= Directions for this task =
Give the number of lines in the data below containing the word "junction", with no other text.

Data excerpts:

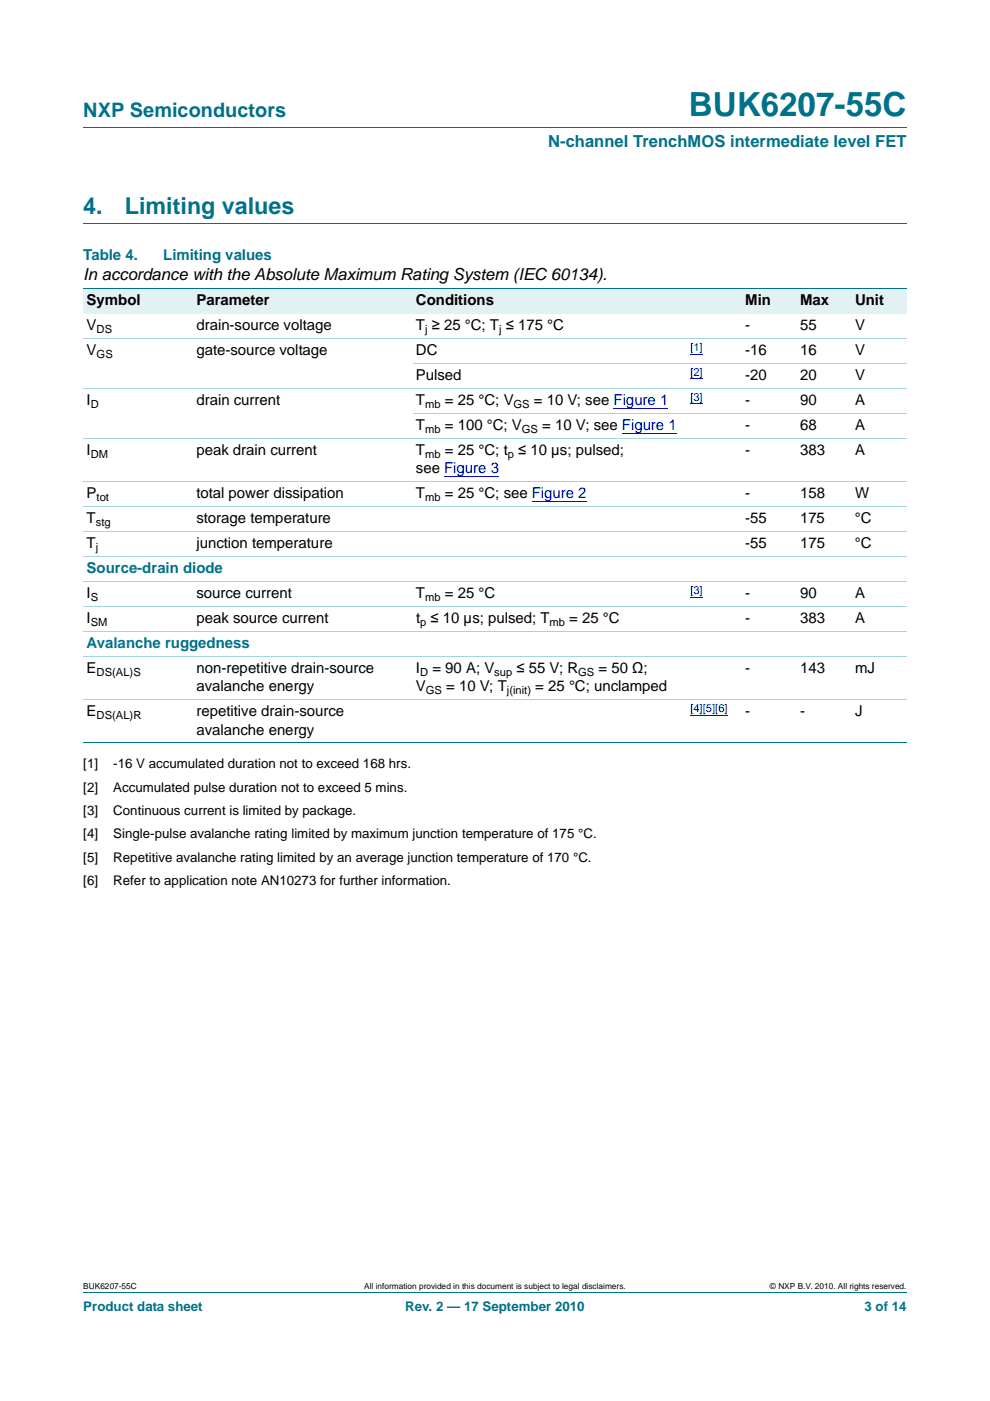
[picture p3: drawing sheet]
<svg xmlns="http://www.w3.org/2000/svg" width="210mm" height="297mm" viewBox="0 0 210 297" stroke-linecap="round" stroke-linejoin="round" font-family="sans-serif">
<defs><g id="words">
<text font-size="7" fill="#00718a" x="146.1" y="24.6">BUK6207-55C</text>
<g font-size="4.9" fill="#00718a">
<text x="17.7" y="45.4">4.</text>
<text x="26.5" y="45.4">Limiting values</text>
</g>
<text font-size="4.2" fill="#00718a" x="17.7" y="24.9">NXP Semiconductors</text>
<text font-size="3.5" fill="#00718a" x="116.3" y="31.1">N-channel TrenchMOS intermediate level FET</text>
<text font-size="3.5" x="17.7" y="59.3">In accordance with the Absolute Maximum Rating System (IEC 60134).</text>
<g font-size="3.2" fill="#00718a">
<text x="17.7" y="55.2">Table 4.</text>
<text x="34.6" y="55.2">Limiting values</text>
<text x="18.4" y="121.5">Source-drain diode</text>
<text x="18.4" y="137.4">Avalanche ruggedness</text>
</g>
<g font-size="3.2">
<text x="18.4" y="64.7">Symbol</text>
<text x="41.7" y="64.7">Parameter</text>
<text x="88.2" y="64.7">Conditions</text>
<text x="158.1" y="64.7">Min</text>
<text x="169.7" y="64.7">Max</text>
<text x="181.4" y="64.7">Unit</text>
<text x="18.4" y="70">V</text>
<text x="41.7" y="70">drain-source voltage</text>
<text x="88.2" y="70">T ≥ 25 °C; T ≤ 175 °C</text>
<text x="158.1" y="70">-</text>
<text x="169.7" y="70">55</text>
<text x="181.4" y="70">V</text>
<text x="18.4" y="75.3">V</text>
<text x="41.7" y="75.3">gate-source voltage</text>
<text x="88.2" y="75.3">DC</text>
<text x="158.1" y="75.3">-16</text>
<text x="169.7" y="75.3">16</text>
<text x="181.4" y="75.3">V</text>
<text x="88.2" y="80.6">Pulsed</text>
<text x="158.1" y="80.6">-20</text>
<text x="169.7" y="80.6">20</text>
<text x="181.4" y="80.6">V</text>
<text x="18.4" y="85.9">I</text>
<text x="41.7" y="85.9">drain current</text>
<text x="88.2" y="85.9">T</text>
<text x="94.4" y="85.9">= 25 °C; V</text>
<text x="113.2" y="85.9">= 10 V; see Figure 1</text>
<text x="158.1" y="85.9">-</text>
<text x="169.7" y="85.9">90</text>
<text x="181.4" y="85.9">A</text>
<text x="88.2" y="91.2">T</text>
<text x="94.4" y="91.2">= 100 °C; V</text>
<text x="115" y="91.2">= 10 V; see Figure 1</text>
<text x="158.1" y="91.2">-</text>
<text x="169.7" y="91.2">68</text>
<text x="181.4" y="91.2">A</text>
<text x="18.4" y="96.5">I</text>
<text x="41.7" y="96.5">peak drain current</text>
<text x="88.2" y="96.5">T</text>
<text x="88.2" y="100.4">see Figure 3</text>
<text x="94.4" y="96.5">= 25 °C; t ≤ 10 µs; pulsed;</text>
<text x="158.1" y="96.5">-</text>
<text x="169.7" y="96.5">383</text>
<text x="181.4" y="96.5">A</text>
<text x="18.4" y="105.6">P</text>
<text x="41.7" y="105.6">total power dissipation</text>
<text x="88.2" y="105.6">T</text>
<text x="94.4" y="105.6">= 25 °C; see Figure 2</text>
<text x="158.1" y="105.6">-</text>
<text x="169.7" y="105.6">158</text>
<text x="181.4" y="105.6">W</text>
<text x="18.4" y="110.9">T</text>
<text x="41.7" y="110.9">storage temperature</text>
<text x="158" y="110.9">-55</text>
<text x="169.7" y="110.9">175</text>
<text x="181.3" y="110.9">°C</text>
<text x="18.4" y="116.2">T</text>
<text x="41.7" y="116.2">junction temperature</text>
<text x="158.1" y="116.2">-55</text>
<text x="169.7" y="116.2">175</text>
<text x="181.3" y="116.2">°C</text>
<text x="18.4" y="126.8">I</text>
<text x="41.7" y="126.8">source current</text>
<text x="88.2" y="126.8">T</text>
<text x="94.4" y="126.8">= 25 °C</text>
<text x="158.1" y="126.8">-</text>
<text x="169.7" y="126.8">90</text>
<text x="181.4" y="126.8">A</text>
<text x="18.4" y="132.1">I</text>
<text x="41.7" y="132.1">peak source current</text>
<text x="88.2" y="132.1">t ≤ 10 µs; pulsed; T</text>
<text x="120.8" y="132.1">= 25 °C</text>
<text x="158.1" y="132.1">-</text>
<text x="169.7" y="132.1">383</text>
<text x="181.4" y="132.1">A</text>
<text x="18.4" y="142.7">E</text>
<text x="41.7" y="142.7">non-repetitive drain-source</text>
<text x="88.2" y="142.7">I</text>
<text x="91.7" y="142.7">= 90 A; V</text>
<text x="109.6" y="142.7">≤ 55 V; R</text>
<text x="127" y="142.7">= 50 Ω;</text>
<text x="158.1" y="142.7">-</text>
<text x="169.7" y="142.7">143</text>
<text x="181.4" y="142.7">mJ</text>
<text x="41.7" y="146.6">avalanche energy</text>
<text x="88.2" y="146.6">V</text>
<text x="94.7" y="146.6">= 10 V; T</text>
<text x="113.5" y="146.6">= 25 °C; unclamped</text>
<text x="18.4" y="151.9">E</text>
<text x="41.7" y="151.9">repetitive drain-source</text>
<text x="41.7" y="155.7">avalanche energy</text>
<text x="158.1" y="151.9">-</text>
<text x="169.7" y="151.9">-</text>
<text x="181.4" y="151.9">J</text>
</g>
<g font-size="2.8">
<text x="17.7" y="162.9">[1]</text>
<text x="17.7" y="167.9">[2]</text>
<text x="24" y="167.9">Accumulated pulse duration not to exceed 5 mins.</text>
<text x="24" y="162.9">-16 V accumulated duration not to exceed 168 hrs.</text>
<text x="17.7" y="172.8">[3]</text>
<text x="24" y="172.8">Continuous current is limited by package.</text>
<text x="17.7" y="177.7">[4]</text>
<text x="24" y="177.7">Single-pulse avalanche rating limited by maximum junction temperature of 175 °C.</text>
<text x="17.7" y="182.7">[5]</text>
<text x="24" y="182.7">Repetitive avalanche rating limited by an average junction temperature of 170 °C.</text>
<text x="17.7" y="187.6">[6]</text>
<text x="24" y="187.6">Refer to application note AN10273 for further information.</text>
</g>
<g font-size="2.8" fill="#00718a">
<text x="17.7" y="277.9">Product data sheet</text>
<text x="86" y="277.9">Rev. 2 — 17 September 2010</text>
<text x="183.4" y="277.9">3 of 14</text>
</g>
<g font-size="2.4">
<text x="20.5" y="70.6">DS</text>
<text x="90.2" y="70.6">j</text>
<text x="105.9" y="70.6">j</text>
<text x="20.5" y="75.9">GS</text>
<text x="19.3" y="86.5">D</text>
<text x="90.2" y="86.5">mb</text>
<text x="108.9" y="86.5">GS</text>
<text x="90.2" y="91.8">mb</text>
<text x="110.7" y="91.8">GS</text>
<text x="19.3" y="97">DM</text>
<text x="90.2" y="97">mb</text>
<text x="107.7" y="97">p</text>
<text x="20.5" y="106.2">tot</text>
<text x="90.2" y="106.2">mb</text>
<text x="20.3" y="111.5">stg</text>
<text x="20.3" y="116.8">j</text>
<text x="19.3" y="127.4">S</text>
<text x="90.2" y="127.4">mb</text>
<text x="19.3" y="132.7">SM</text>
<text x="89.1" y="132.7">p</text>
<text x="116.6" y="132.7">mb</text>
<text x="20.5" y="143.3">DS(AL)S</text>
<text x="89.1" y="143.3">D</text>
<text x="104.8" y="143.3">sup</text>
<text x="122.6" y="143.3">GS</text>
<text x="90.3" y="147.2">GS</text>
<text x="107.5" y="147.2">j(init)</text>
<text x="20.5" y="152.4">DS(AL)R</text>
</g>
<g font-size="2.4" fill="#00f">
<text x="146.4" y="74.4">[1]</text>
<text x="146.4" y="79.7">[2]</text>
<text x="146.4" y="84.9">[3]</text>
<text x="146.4" y="125.9">[3]</text>
<text x="146.4" y="150.9">[4][5][6]</text>
</g>
<g font-size="1.8">
<text x="17.7" y="273.3">BUK6207-55C</text>
<text x="77.3" y="273.3">All information provided in this document is subject to legal disclaimers.</text>
<text x="163.3" y="273.3">© NXP B.V. 2010. All rights reserved.</text>
</g>
</g></defs>
<path d="M17.7 27h174.6M17.7 47.4h174.6M17.7 273.9h174.6" fill="none" stroke="#00718a" stroke-width=".21"/>
<g fill="#e2f1f4">
<path d="M17.7 61.2h23.3v5.3h-23.3z"/>
<path d="M41 61.2h46.5v5.3h-46.5z"/>
<path d="M87.5 61.2h58.2v5.3h-58.2z"/>
<path d="M145.7 61.2h23.3v5.3h-23.3z"/>
<path d="M169 61.2h11.7v5.3h-11.7z"/>
<path d="M180.7 61.2h11.6v5.3h-11.6z"/>
</g>
<path d="M146.4 75.1h2.7M130.1 86.6h11.7M131.9 91.9h11.6M146.4 80.3h2.7M146.4 85.6h2.7M94.2 101.1h11.7M112.8 106.4h11.6M146.4 126.6h2.7M146.4 151.6h8" fill="none" stroke="#00f" stroke-width=".21"/>
<path d="M17.7 61.2h174.6M17.7 157.5h174.6" fill="none" stroke="#00718a" stroke-width=".21"/>
<g fill="none" stroke="#a5d5dc" stroke-width=".21">
<path d="M17.7 71.8h174.6M87.5 77.1h104.8M17.7 82.4h174.6M17.7 92.9h174.6M87.5 87.7h104.8M17.7 102.1h174.6M17.7 107.4h174.6M17.7 112.7h174.6M17.7 118h174.6M17.7 123.3h174.6M17.7 128.6h174.6M17.7 133.9h174.6"/>
<path d="M17.7 139.2h174.6M17.7 148.3h174.6"/>
</g>
<use href="#words"/>
</svg>

= Response to this task =
3